Suède : le centre-droit confirme, l’extrême-droite perce

Après les élections législatives, le parti xénophobe des "Démocrates" fait son entrée au Parlement et aura un rôle d’arbitre face aux deux grands blocs.

EURACTIV.fr

Après les élections législatives, le parti xénophobe des « Démocrates » fait son entrée au Parlement et aura un rôle d’arbitre face aux deux grands blocs.

Le premier ministre suédois, Fredrik Reinfeldt, est devenu le 19 septembre le premier dirigeant de centre-droit à remporter deux élections législatives successives dans son pays. Cependant, le parti n’obtient pas la majorité absolue en raison du bon score de l’extrême-droite. Des analystes avaient prévenu avant le scrutin qu’un parlement sans majorité inquiéterait les investisseurs et pourrait peser sur la monnaie suédoise.

Selon les résultats définitifs, l’Alliance de Fredrik Reinfeldt remporte 172 des 349 sièges du parlement et se voit privée d’une majorité absolue, comme l’avaient envisagé les sondages d’avant scrutin. Les Démocrates suédois, formation d’extrême-droite, obtiennent 20 sièges et entrent pour la première fois au parlement. L’opposition sociale-démocrate remporte pour sa part 157 sièges.

Vers une alliance avec les Verts?

« Nous avons un scénario que la majorité des électeurs suédois souhaitait éviter, qui fait qu’un parti xénophobe se retrouve en position d’arbitre », souligne Ulf Bjereld, professeur de sciences politiques à l’Université de Göteborg.

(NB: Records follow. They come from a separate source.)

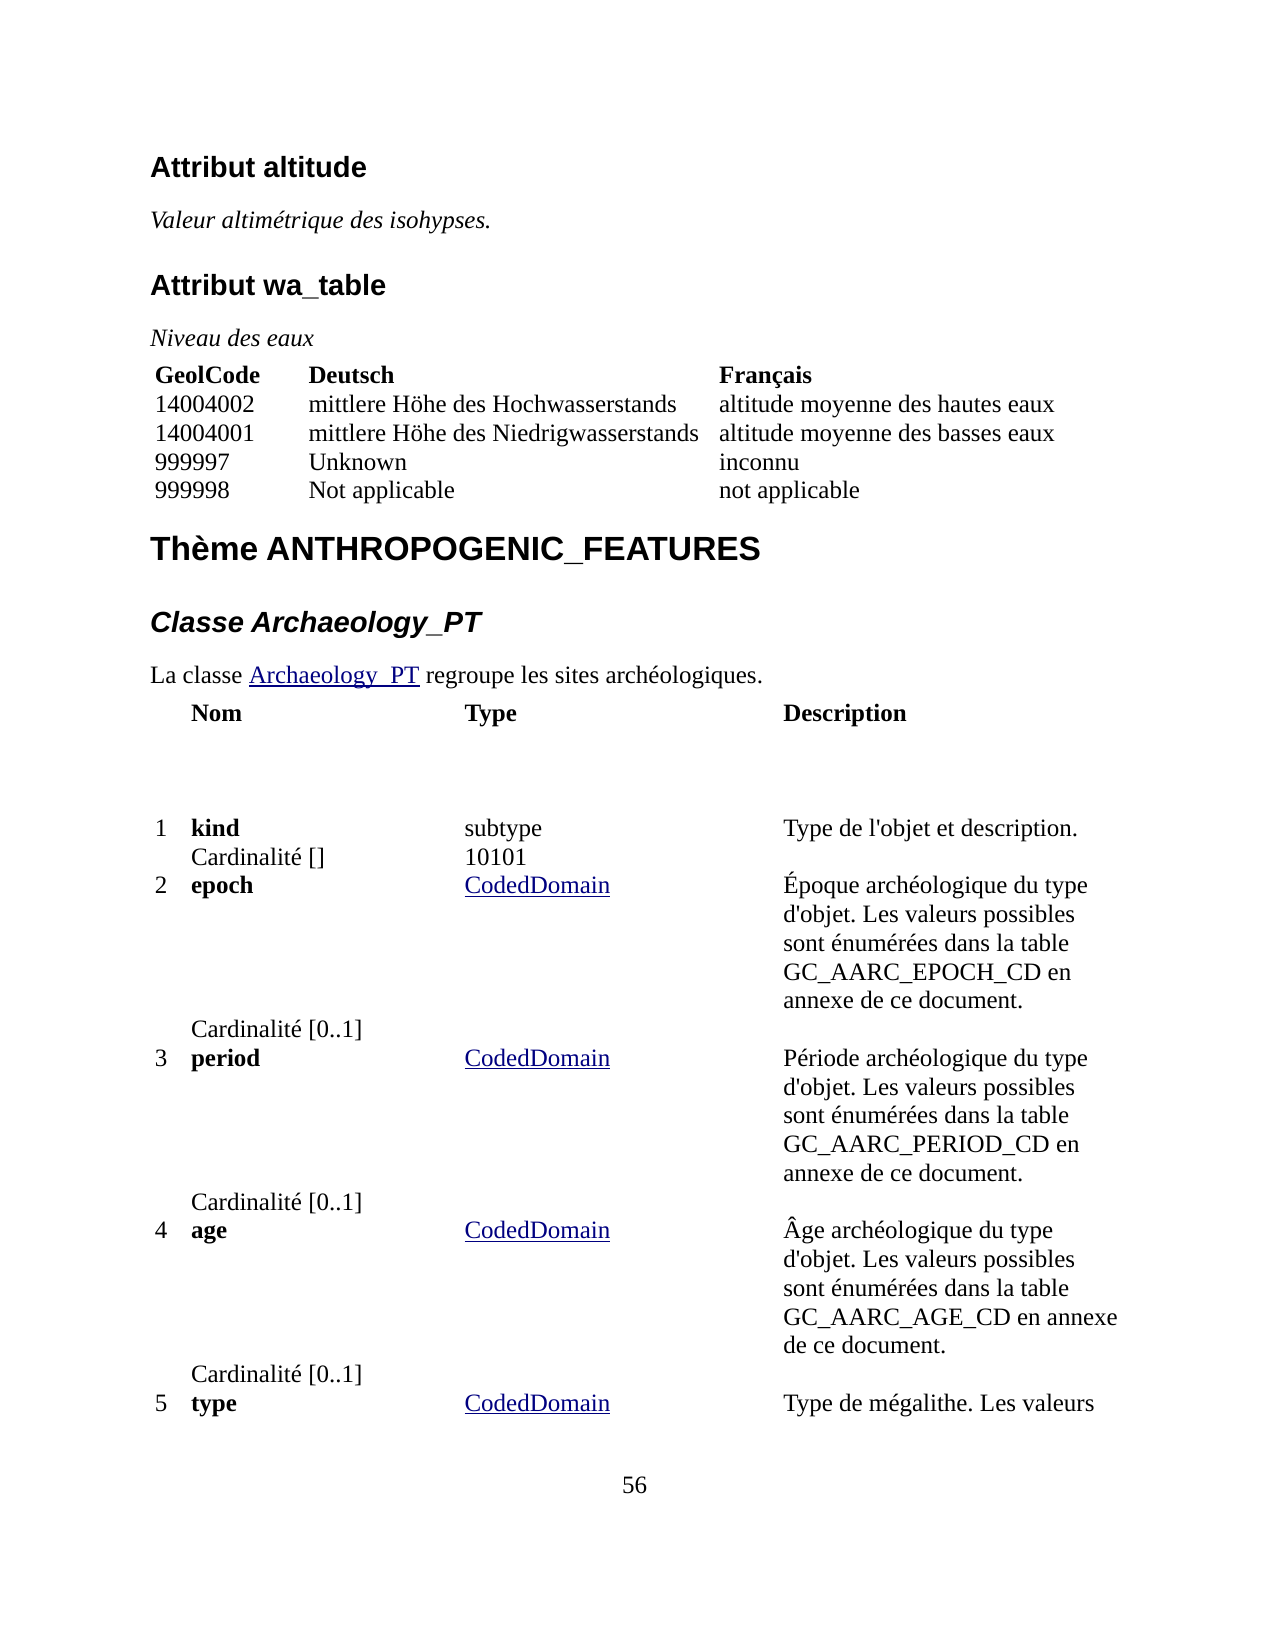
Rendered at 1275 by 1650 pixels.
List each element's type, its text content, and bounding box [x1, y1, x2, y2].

table_cell Unknown [304, 447, 714, 475]
table_cell [460, 1359, 779, 1388]
table_header Français [714, 360, 1125, 389]
text Niveau des eaux [150, 323, 1125, 351]
table_cell Époque archéologique du type d'objet. Les valeurs possibles sont énumérées dans la table GC_AARC_EPOCH_CD en annexe de ce document. [779, 871, 1125, 1014]
table_cell Âge archéologique du type d'objet. Les valeurs possibles sont énumérées dans la table GC_AARC_AGE_CD en annexe de ce document. [779, 1216, 1125, 1359]
table_header GeolCode [150, 360, 304, 389]
table_cell 1 [150, 813, 186, 842]
table_cell [779, 1187, 1125, 1216]
subtitle Attribut wa_table [150, 268, 1125, 301]
table_cell [779, 842, 1125, 871]
table_cell Type de l'objet et description. [779, 813, 1125, 842]
table_cell type [186, 1388, 460, 1417]
table_header Description [779, 698, 1125, 813]
table_cell [150, 1359, 186, 1388]
table_cell [150, 1014, 186, 1043]
table_cell epoch [186, 871, 460, 1014]
table_cell mittlere Höhe des Niedrigwasserstands [304, 418, 714, 447]
table_cell 4 [150, 1216, 186, 1359]
table_cell [779, 1359, 1125, 1388]
table_cell 999998 [150, 475, 304, 504]
table_cell altitude moyenne des hautes eaux [714, 389, 1125, 418]
table_cell CodedDomain [460, 871, 779, 1014]
table_cell 5 [150, 1388, 186, 1417]
table_cell age [186, 1216, 460, 1359]
table_cell Cardinalité [0..1] [186, 1359, 460, 1388]
text Valeur altimétrique des isohypses. [150, 205, 1125, 234]
table_cell Cardinalité [0..1] [186, 1187, 460, 1216]
table_cell not applicable [714, 475, 1125, 504]
table_cell 999997 [150, 447, 304, 475]
table_cell mittlere Höhe des Hochwasserstands [304, 389, 714, 418]
table_cell CodedDomain [460, 1043, 779, 1187]
table_cell [150, 1187, 186, 1216]
table_cell subtype [460, 813, 779, 842]
table_header Deutsch [304, 360, 714, 389]
table_cell Période archéologique du type d'objet. Les valeurs possibles sont énumérées dans la table GC_AARC_PERIOD_CD en annexe de ce document. [779, 1043, 1125, 1187]
table_cell [150, 842, 186, 871]
table_cell CodedDomain [460, 1388, 779, 1417]
table_cell kind [186, 813, 460, 842]
table_cell [779, 1014, 1125, 1043]
table_cell inconnu [714, 447, 1125, 475]
table_cell 14004001 [150, 418, 304, 447]
table_cell [460, 1014, 779, 1043]
table_cell Cardinalité [0..1] [186, 1014, 460, 1043]
subtitle Attribut altitude [150, 150, 1125, 183]
subtitle Thème ANTHROPOGENIC_FEATURES [150, 529, 1125, 568]
table_header Type [460, 698, 779, 813]
table_cell CodedDomain [460, 1216, 779, 1359]
table_cell 3 [150, 1043, 186, 1187]
table_header [150, 698, 186, 813]
table_cell 10101 [460, 842, 779, 871]
table_cell Cardinalité [] [186, 842, 460, 871]
table_cell 14004002 [150, 389, 304, 418]
table_cell period [186, 1043, 460, 1187]
table_cell Not applicable [304, 475, 714, 504]
table_header Nom [186, 698, 460, 813]
table_cell altitude moyenne des basses eaux [714, 418, 1125, 447]
table_cell [460, 1187, 779, 1216]
table_cell Type de mégalithe. Les valeurs [779, 1388, 1125, 1417]
subtitle Classe Archaeology_PT [150, 605, 1125, 639]
table_cell 2 [150, 871, 186, 1014]
text La classe Archaeology_PT regroupe les sites archéologiques. [150, 660, 1125, 689]
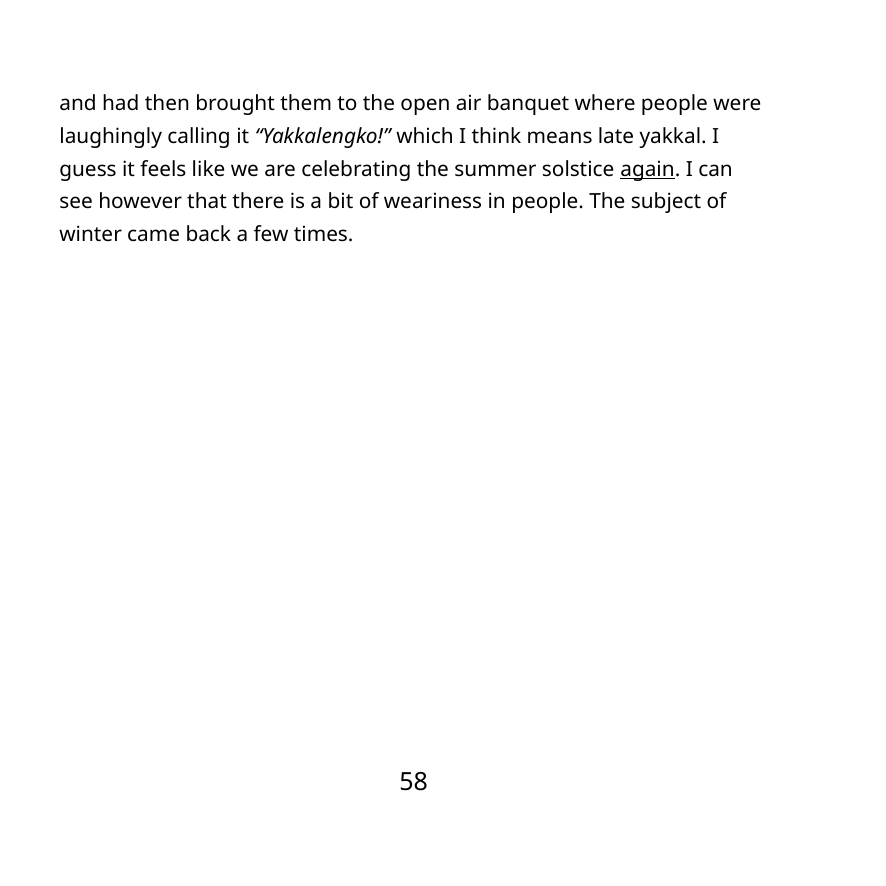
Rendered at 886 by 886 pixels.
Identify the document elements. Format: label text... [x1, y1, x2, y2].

text and had then brought them to the open air banquet where people were laughingly calling it “Yakkalengko!” which I think means late yakkal. I guess it feels like we are celebrating the summer solstice again. I can see however that there is a bit of weariness in people. The subject of winter came back a few times. [59, 88, 768, 247]

M. Reinfeldt, qui a promis de poursuivre sa politique de baisse des impôts et des subventions, s’est dit prêt à diriger un gouvernement minoritaire tout en indiquant qu’il allait avant tout tenter pour obtenir une alliance avec les Verts.

« Le bloc le plus important doit gouverner et c’est l’Alliance », a déclaré Reinfeldt à ses militants lors d’une soirée électorale organisée à Stockholm.

Les Démocrates suédois se défendent d’être racistes mais les deux grands blocs ont exclu de coopérer avec eux. Selon les analystes, le parti a récolté des voix parmi les chômeurs dont le nombre a grimpé à cause de la crise économique mondiale.

Anti-musulmans

Très critique des musulmans, le parti trouve ses racines dans le mouvement skinhead et entend réduire l’immigration. »Aujourd’hui nous avons écrit l’histoire politique. Je pense que c’est fantastique », s’est félicité le leader du parti Jimmie Aksesson. Les Démocrates se sont inspirés du succès danois du Parti du peuple qui apporte un soutien parlementaire indispensable au gouvernement en place.

La Suède a été l’un des pays de l’Union européenne les plus accueillants pour les demandeurs d’asile. Elle a permis à des réfugiés des guerres des Balkans de venir sur son territoire dans les années 1990 et à de nombreux Irakiens après l’invasion de leur pays par les forces américaines.

Selon un rapport des Nations unies sur l’immigration, les immigrants constituaient, en 2009, 14% de la population suédoise, contre 12,4% en moyenne en Europe du Nord.